Let's start looking for evil now that we have a clear understanding of the system's fundamental setup.

Since we are dealing with a web server exploit case, the next thing I will want to do here is to search through database logs on the system. These logs are often found in the /var/log directory. There are lots of information to be gleaned from searching through system logs.

Due to the prevalence of web server attacks, you will spend a significant portion of your DFIR career looking through web server logs. The web server logs can show when the breach happened and where the attackers came from. They might also reveal some information regarding the nature of the exploit. Searching the PostgreSQL log revealed the following information - A network listening activity that spans through 2019-09-06 22:45:23 - 2019-09-30 13:02:53 UTC.

The above results provide my answer to the first question. The time range of the exploitation is 2019-09-06 22:45:23 - 2019-09-30 13:02:53 UTC.

This revelation made me want to find out more about the installed programs on the attacker's computer and their last access times. 

ls -lt --time=atime /mnt/analysis/var/cache/apt/archives

The result of the above command revealed an interesting pattern. Most of the installed applications were last accessed on September 6 and 7, 2019 - the time of the attack. The NFS server and VNC connection are used, as seen in the figure below. This provides the answer to Question 5.

The figure below confirms the use of the PostgreSQL database management system. This might have been used to issue SQL queries as is typical of web attacks.

The figure below confirms the use of PHP and suggests that the attacker might have loaded some malicious PHP scripts to the target system.

Evidence of potential webshell deployment is revealed in the image below. Web shells are malicious scripts that enable threat actors to compromise web servers and launch additional attacks. Threat actors first penetrate a system or network and then install a web shell.

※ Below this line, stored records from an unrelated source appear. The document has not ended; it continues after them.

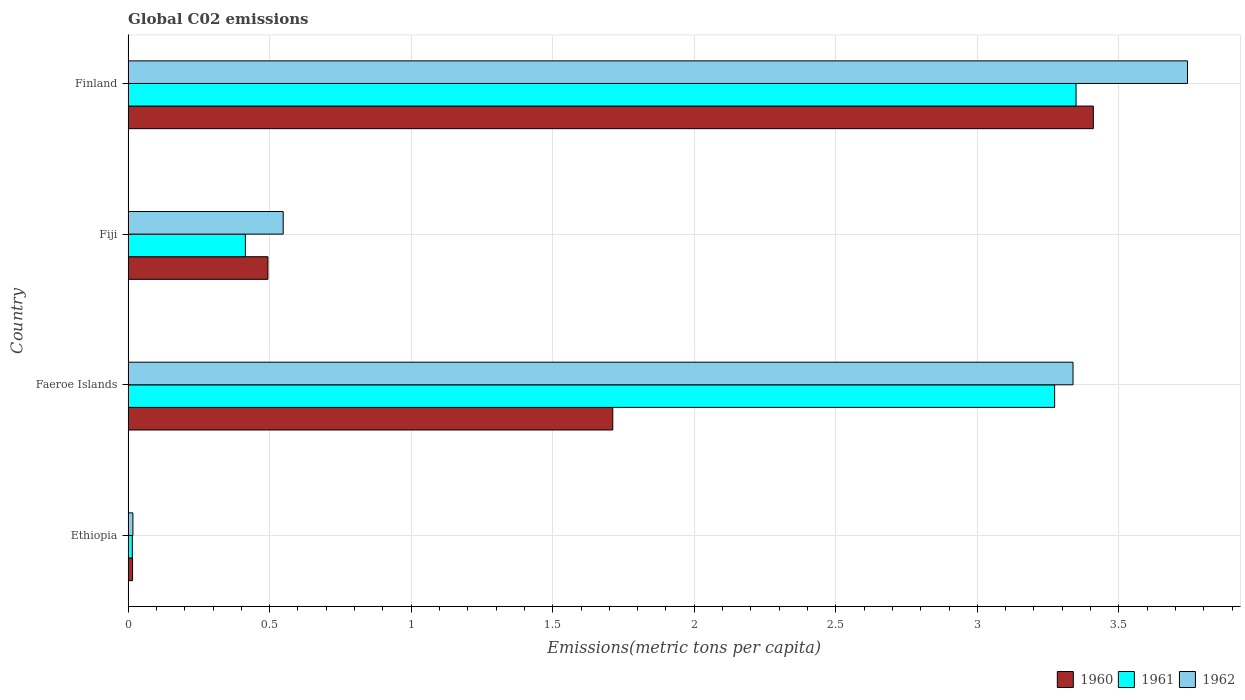How many groups of bars are there?
Make the answer very short. 4. How many bars are there on the 4th tick from the top?
Ensure brevity in your answer.  3. How many bars are there on the 4th tick from the bottom?
Make the answer very short. 3. What is the label of the 2nd group of bars from the top?
Your answer should be very brief. Fiji. What is the amount of CO2 emitted in in 1961 in Fiji?
Provide a short and direct response. 0.41. Across all countries, what is the maximum amount of CO2 emitted in in 1960?
Your response must be concise. 3.41. Across all countries, what is the minimum amount of CO2 emitted in in 1960?
Keep it short and to the point. 0.02. In which country was the amount of CO2 emitted in in 1962 minimum?
Give a very brief answer. Ethiopia. What is the total amount of CO2 emitted in in 1960 in the graph?
Offer a terse response. 5.63. What is the difference between the amount of CO2 emitted in in 1962 in Faeroe Islands and that in Fiji?
Provide a succinct answer. 2.79. What is the difference between the amount of CO2 emitted in in 1961 in Faeroe Islands and the amount of CO2 emitted in in 1962 in Finland?
Give a very brief answer. -0.47. What is the average amount of CO2 emitted in in 1960 per country?
Offer a terse response. 1.41. What is the difference between the amount of CO2 emitted in in 1962 and amount of CO2 emitted in in 1960 in Fiji?
Keep it short and to the point. 0.05. In how many countries, is the amount of CO2 emitted in in 1960 greater than 3.8 metric tons per capita?
Offer a very short reply. 0. What is the ratio of the amount of CO2 emitted in in 1962 in Fiji to that in Finland?
Keep it short and to the point. 0.15. Is the amount of CO2 emitted in in 1962 in Ethiopia less than that in Fiji?
Provide a short and direct response. Yes. Is the difference between the amount of CO2 emitted in in 1962 in Ethiopia and Faeroe Islands greater than the difference between the amount of CO2 emitted in in 1960 in Ethiopia and Faeroe Islands?
Give a very brief answer. No. What is the difference between the highest and the second highest amount of CO2 emitted in in 1962?
Keep it short and to the point. 0.4. What is the difference between the highest and the lowest amount of CO2 emitted in in 1961?
Make the answer very short. 3.33. What does the 1st bar from the bottom in Fiji represents?
Ensure brevity in your answer.  1960. Is it the case that in every country, the sum of the amount of CO2 emitted in in 1962 and amount of CO2 emitted in in 1960 is greater than the amount of CO2 emitted in in 1961?
Ensure brevity in your answer.  Yes. How many bars are there?
Offer a terse response. 12. What is the difference between two consecutive major ticks on the X-axis?
Your answer should be very brief. 0.5. Are the values on the major ticks of X-axis written in scientific E-notation?
Provide a short and direct response. No. Does the graph contain any zero values?
Keep it short and to the point. No. Does the graph contain grids?
Provide a short and direct response. Yes. Where does the legend appear in the graph?
Offer a terse response. Bottom right. How are the legend labels stacked?
Provide a succinct answer. Horizontal. What is the title of the graph?
Offer a very short reply. Global C02 emissions. Does "1973" appear as one of the legend labels in the graph?
Give a very brief answer. No. What is the label or title of the X-axis?
Offer a terse response. Emissions(metric tons per capita). What is the Emissions(metric tons per capita) in 1960 in Ethiopia?
Keep it short and to the point. 0.02. What is the Emissions(metric tons per capita) in 1961 in Ethiopia?
Your response must be concise. 0.02. What is the Emissions(metric tons per capita) in 1962 in Ethiopia?
Keep it short and to the point. 0.02. What is the Emissions(metric tons per capita) of 1960 in Faeroe Islands?
Make the answer very short. 1.71. What is the Emissions(metric tons per capita) in 1961 in Faeroe Islands?
Your response must be concise. 3.27. What is the Emissions(metric tons per capita) of 1962 in Faeroe Islands?
Your answer should be very brief. 3.34. What is the Emissions(metric tons per capita) of 1960 in Fiji?
Ensure brevity in your answer.  0.49. What is the Emissions(metric tons per capita) in 1961 in Fiji?
Provide a short and direct response. 0.41. What is the Emissions(metric tons per capita) of 1962 in Fiji?
Give a very brief answer. 0.55. What is the Emissions(metric tons per capita) in 1960 in Finland?
Provide a short and direct response. 3.41. What is the Emissions(metric tons per capita) in 1961 in Finland?
Your response must be concise. 3.35. What is the Emissions(metric tons per capita) of 1962 in Finland?
Provide a succinct answer. 3.74. Across all countries, what is the maximum Emissions(metric tons per capita) in 1960?
Ensure brevity in your answer.  3.41. Across all countries, what is the maximum Emissions(metric tons per capita) in 1961?
Ensure brevity in your answer.  3.35. Across all countries, what is the maximum Emissions(metric tons per capita) in 1962?
Offer a terse response. 3.74. Across all countries, what is the minimum Emissions(metric tons per capita) of 1960?
Give a very brief answer. 0.02. Across all countries, what is the minimum Emissions(metric tons per capita) of 1961?
Your answer should be compact. 0.02. Across all countries, what is the minimum Emissions(metric tons per capita) of 1962?
Make the answer very short. 0.02. What is the total Emissions(metric tons per capita) of 1960 in the graph?
Offer a terse response. 5.63. What is the total Emissions(metric tons per capita) of 1961 in the graph?
Your answer should be very brief. 7.05. What is the total Emissions(metric tons per capita) in 1962 in the graph?
Offer a terse response. 7.65. What is the difference between the Emissions(metric tons per capita) of 1960 in Ethiopia and that in Faeroe Islands?
Your response must be concise. -1.7. What is the difference between the Emissions(metric tons per capita) of 1961 in Ethiopia and that in Faeroe Islands?
Make the answer very short. -3.26. What is the difference between the Emissions(metric tons per capita) in 1962 in Ethiopia and that in Faeroe Islands?
Provide a short and direct response. -3.32. What is the difference between the Emissions(metric tons per capita) in 1960 in Ethiopia and that in Fiji?
Your answer should be compact. -0.48. What is the difference between the Emissions(metric tons per capita) of 1961 in Ethiopia and that in Fiji?
Keep it short and to the point. -0.4. What is the difference between the Emissions(metric tons per capita) of 1962 in Ethiopia and that in Fiji?
Provide a succinct answer. -0.53. What is the difference between the Emissions(metric tons per capita) in 1960 in Ethiopia and that in Finland?
Keep it short and to the point. -3.39. What is the difference between the Emissions(metric tons per capita) in 1961 in Ethiopia and that in Finland?
Keep it short and to the point. -3.33. What is the difference between the Emissions(metric tons per capita) of 1962 in Ethiopia and that in Finland?
Provide a short and direct response. -3.73. What is the difference between the Emissions(metric tons per capita) in 1960 in Faeroe Islands and that in Fiji?
Offer a very short reply. 1.22. What is the difference between the Emissions(metric tons per capita) in 1961 in Faeroe Islands and that in Fiji?
Provide a succinct answer. 2.86. What is the difference between the Emissions(metric tons per capita) in 1962 in Faeroe Islands and that in Fiji?
Provide a succinct answer. 2.79. What is the difference between the Emissions(metric tons per capita) in 1960 in Faeroe Islands and that in Finland?
Your answer should be compact. -1.7. What is the difference between the Emissions(metric tons per capita) of 1961 in Faeroe Islands and that in Finland?
Offer a terse response. -0.08. What is the difference between the Emissions(metric tons per capita) of 1962 in Faeroe Islands and that in Finland?
Offer a very short reply. -0.4. What is the difference between the Emissions(metric tons per capita) in 1960 in Fiji and that in Finland?
Give a very brief answer. -2.92. What is the difference between the Emissions(metric tons per capita) in 1961 in Fiji and that in Finland?
Give a very brief answer. -2.93. What is the difference between the Emissions(metric tons per capita) in 1962 in Fiji and that in Finland?
Your answer should be compact. -3.19. What is the difference between the Emissions(metric tons per capita) in 1960 in Ethiopia and the Emissions(metric tons per capita) in 1961 in Faeroe Islands?
Make the answer very short. -3.26. What is the difference between the Emissions(metric tons per capita) of 1960 in Ethiopia and the Emissions(metric tons per capita) of 1962 in Faeroe Islands?
Provide a succinct answer. -3.32. What is the difference between the Emissions(metric tons per capita) of 1961 in Ethiopia and the Emissions(metric tons per capita) of 1962 in Faeroe Islands?
Keep it short and to the point. -3.32. What is the difference between the Emissions(metric tons per capita) of 1960 in Ethiopia and the Emissions(metric tons per capita) of 1961 in Fiji?
Give a very brief answer. -0.4. What is the difference between the Emissions(metric tons per capita) of 1960 in Ethiopia and the Emissions(metric tons per capita) of 1962 in Fiji?
Provide a succinct answer. -0.53. What is the difference between the Emissions(metric tons per capita) of 1961 in Ethiopia and the Emissions(metric tons per capita) of 1962 in Fiji?
Ensure brevity in your answer.  -0.53. What is the difference between the Emissions(metric tons per capita) of 1960 in Ethiopia and the Emissions(metric tons per capita) of 1961 in Finland?
Your response must be concise. -3.33. What is the difference between the Emissions(metric tons per capita) of 1960 in Ethiopia and the Emissions(metric tons per capita) of 1962 in Finland?
Offer a very short reply. -3.73. What is the difference between the Emissions(metric tons per capita) in 1961 in Ethiopia and the Emissions(metric tons per capita) in 1962 in Finland?
Ensure brevity in your answer.  -3.73. What is the difference between the Emissions(metric tons per capita) of 1960 in Faeroe Islands and the Emissions(metric tons per capita) of 1961 in Fiji?
Ensure brevity in your answer.  1.3. What is the difference between the Emissions(metric tons per capita) in 1960 in Faeroe Islands and the Emissions(metric tons per capita) in 1962 in Fiji?
Provide a short and direct response. 1.16. What is the difference between the Emissions(metric tons per capita) of 1961 in Faeroe Islands and the Emissions(metric tons per capita) of 1962 in Fiji?
Keep it short and to the point. 2.73. What is the difference between the Emissions(metric tons per capita) in 1960 in Faeroe Islands and the Emissions(metric tons per capita) in 1961 in Finland?
Keep it short and to the point. -1.64. What is the difference between the Emissions(metric tons per capita) in 1960 in Faeroe Islands and the Emissions(metric tons per capita) in 1962 in Finland?
Ensure brevity in your answer.  -2.03. What is the difference between the Emissions(metric tons per capita) in 1961 in Faeroe Islands and the Emissions(metric tons per capita) in 1962 in Finland?
Your answer should be compact. -0.47. What is the difference between the Emissions(metric tons per capita) in 1960 in Fiji and the Emissions(metric tons per capita) in 1961 in Finland?
Give a very brief answer. -2.85. What is the difference between the Emissions(metric tons per capita) in 1960 in Fiji and the Emissions(metric tons per capita) in 1962 in Finland?
Your answer should be very brief. -3.25. What is the difference between the Emissions(metric tons per capita) of 1961 in Fiji and the Emissions(metric tons per capita) of 1962 in Finland?
Offer a very short reply. -3.33. What is the average Emissions(metric tons per capita) of 1960 per country?
Give a very brief answer. 1.41. What is the average Emissions(metric tons per capita) of 1961 per country?
Your answer should be very brief. 1.76. What is the average Emissions(metric tons per capita) of 1962 per country?
Your answer should be very brief. 1.91. What is the difference between the Emissions(metric tons per capita) in 1960 and Emissions(metric tons per capita) in 1961 in Ethiopia?
Your answer should be compact. 0. What is the difference between the Emissions(metric tons per capita) in 1960 and Emissions(metric tons per capita) in 1962 in Ethiopia?
Provide a succinct answer. -0. What is the difference between the Emissions(metric tons per capita) of 1961 and Emissions(metric tons per capita) of 1962 in Ethiopia?
Your answer should be very brief. -0. What is the difference between the Emissions(metric tons per capita) in 1960 and Emissions(metric tons per capita) in 1961 in Faeroe Islands?
Make the answer very short. -1.56. What is the difference between the Emissions(metric tons per capita) in 1960 and Emissions(metric tons per capita) in 1962 in Faeroe Islands?
Your response must be concise. -1.63. What is the difference between the Emissions(metric tons per capita) of 1961 and Emissions(metric tons per capita) of 1962 in Faeroe Islands?
Your answer should be compact. -0.06. What is the difference between the Emissions(metric tons per capita) in 1960 and Emissions(metric tons per capita) in 1961 in Fiji?
Your answer should be compact. 0.08. What is the difference between the Emissions(metric tons per capita) in 1960 and Emissions(metric tons per capita) in 1962 in Fiji?
Offer a terse response. -0.05. What is the difference between the Emissions(metric tons per capita) of 1961 and Emissions(metric tons per capita) of 1962 in Fiji?
Your response must be concise. -0.13. What is the difference between the Emissions(metric tons per capita) in 1960 and Emissions(metric tons per capita) in 1961 in Finland?
Provide a short and direct response. 0.06. What is the difference between the Emissions(metric tons per capita) in 1960 and Emissions(metric tons per capita) in 1962 in Finland?
Your answer should be very brief. -0.33. What is the difference between the Emissions(metric tons per capita) in 1961 and Emissions(metric tons per capita) in 1962 in Finland?
Make the answer very short. -0.39. What is the ratio of the Emissions(metric tons per capita) of 1960 in Ethiopia to that in Faeroe Islands?
Your answer should be very brief. 0.01. What is the ratio of the Emissions(metric tons per capita) of 1961 in Ethiopia to that in Faeroe Islands?
Keep it short and to the point. 0. What is the ratio of the Emissions(metric tons per capita) of 1962 in Ethiopia to that in Faeroe Islands?
Offer a very short reply. 0.01. What is the ratio of the Emissions(metric tons per capita) of 1960 in Ethiopia to that in Fiji?
Keep it short and to the point. 0.03. What is the ratio of the Emissions(metric tons per capita) in 1961 in Ethiopia to that in Fiji?
Keep it short and to the point. 0.04. What is the ratio of the Emissions(metric tons per capita) of 1962 in Ethiopia to that in Fiji?
Your response must be concise. 0.03. What is the ratio of the Emissions(metric tons per capita) in 1960 in Ethiopia to that in Finland?
Provide a succinct answer. 0. What is the ratio of the Emissions(metric tons per capita) of 1961 in Ethiopia to that in Finland?
Offer a very short reply. 0. What is the ratio of the Emissions(metric tons per capita) in 1962 in Ethiopia to that in Finland?
Provide a short and direct response. 0. What is the ratio of the Emissions(metric tons per capita) in 1960 in Faeroe Islands to that in Fiji?
Ensure brevity in your answer.  3.47. What is the ratio of the Emissions(metric tons per capita) in 1961 in Faeroe Islands to that in Fiji?
Make the answer very short. 7.9. What is the ratio of the Emissions(metric tons per capita) of 1962 in Faeroe Islands to that in Fiji?
Ensure brevity in your answer.  6.09. What is the ratio of the Emissions(metric tons per capita) of 1960 in Faeroe Islands to that in Finland?
Ensure brevity in your answer.  0.5. What is the ratio of the Emissions(metric tons per capita) in 1961 in Faeroe Islands to that in Finland?
Offer a very short reply. 0.98. What is the ratio of the Emissions(metric tons per capita) in 1962 in Faeroe Islands to that in Finland?
Your response must be concise. 0.89. What is the ratio of the Emissions(metric tons per capita) of 1960 in Fiji to that in Finland?
Provide a succinct answer. 0.14. What is the ratio of the Emissions(metric tons per capita) in 1961 in Fiji to that in Finland?
Your answer should be compact. 0.12. What is the ratio of the Emissions(metric tons per capita) of 1962 in Fiji to that in Finland?
Your answer should be very brief. 0.15. What is the difference between the highest and the second highest Emissions(metric tons per capita) in 1960?
Provide a succinct answer. 1.7. What is the difference between the highest and the second highest Emissions(metric tons per capita) of 1961?
Your response must be concise. 0.08. What is the difference between the highest and the second highest Emissions(metric tons per capita) in 1962?
Ensure brevity in your answer.  0.4. What is the difference between the highest and the lowest Emissions(metric tons per capita) in 1960?
Offer a terse response. 3.39. What is the difference between the highest and the lowest Emissions(metric tons per capita) in 1961?
Provide a succinct answer. 3.33. What is the difference between the highest and the lowest Emissions(metric tons per capita) of 1962?
Make the answer very short. 3.73.

From this point onwards, they use it as a permanent backdoor into the targeted web applications and any connected systems.

The image below reveals Metasploit usage and system network enumeration with Nmap.

Another source that can reveal information about installed applications on the system being investigated is given below.

Viewing the content of the log file highlighted above revealed the following interesting information. The following remote access tools (tigervnc-viewer, nfs-server) were installed after the compromise (2019-09-07 22:48:19) to move within the network and upload malicious files.

Also, I would like to translate the time range of the attack to a list of all modified files on the attacker's system.

find /mnt/analysis/ -newermt "2019-09-06 22:45:23" -not -newermt "2019-09-30 13:02:53" > /media/sf_kali_shared/modified.txt 

Accessing /mnt and NFS

Below are files related to other artifacts we have hitherto encountered, including Metasploit, VNC, FTP, and so on. They seem to be hidden.

Let us investigate the hidden files associated with the Metasploit Framework. Below is the content of the hidden directory.

The target computer's IP address and the different exploits the attacker tried were revealed by viewing the /.msf4/history file. 

The exploits include the following:

• CVE-2011-2523: vsftpd 2.3.4 - Backdoor Command Execution Vulnerability
• CVE-2007-2447: Remote Command Injection Vulnerability - Samba usermap_ script
• CVE-2010-2075: UnrealIRCd 3.2.8.1 Command Execution Vulnerability
• CVE-2010-0094 -  Java Runtime Environment Vulnerability

The /.ms4/logs/framework.log file when viewed showed the following. It is clear from the output displayed below that the exploits were unsuccessful.

Let us investigate the hidden files associated with the TigerVNC. Viewing the TigerVNC configuration file reveals the IP address of the victim's server.

Let us investigate the history of commands entered by the attacker.

The attacker in an effort to cover his tracks cleared the bash history and system journal. However, evidence of his activities could still be found in the system.